(Beginning of EXTRACTED DATA)

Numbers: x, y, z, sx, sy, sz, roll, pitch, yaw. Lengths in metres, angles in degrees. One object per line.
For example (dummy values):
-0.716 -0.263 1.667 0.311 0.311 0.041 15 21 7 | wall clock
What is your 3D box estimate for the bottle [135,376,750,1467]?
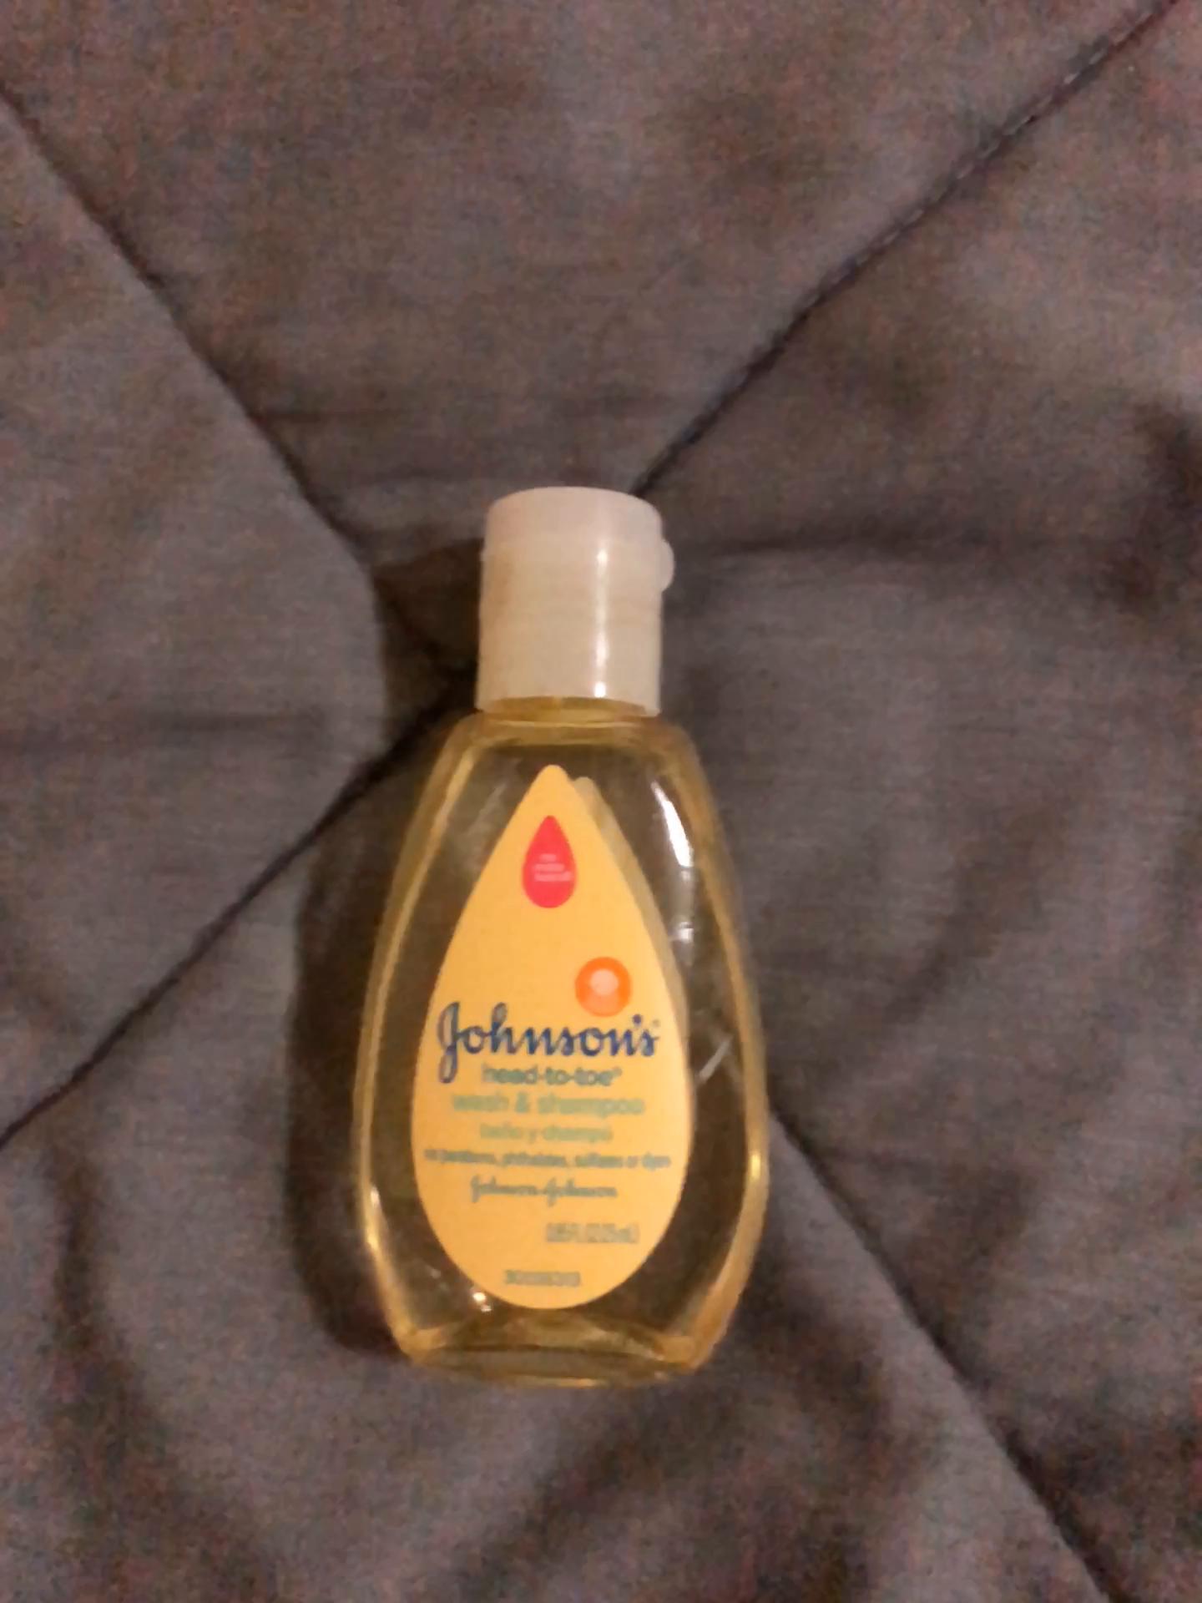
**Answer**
-0.012 0.009 0.126 0.050 0.020 0.090 0 82 7 | bottle

(End of EXTRACTED DATA)

**ACTION ITEM:**
Once the pictures are set aside, transcribe the remaining lines above exactly.

**OUTPUT FOR THIS EXERCISE:**
Numbers: x, y, z, sx, sy, sz, roll, pitch, yaw. Lengths in metres, angles in degrees. One object per line.
For example (dummy values):
-0.716 -0.263 1.667 0.311 0.311 0.041 15 21 7 | wall clock
What is your 3D box estimate for the bottle [135,376,750,1467]?
**Answer**
-0.012 0.009 0.126 0.050 0.020 0.090 0 82 7 | bottle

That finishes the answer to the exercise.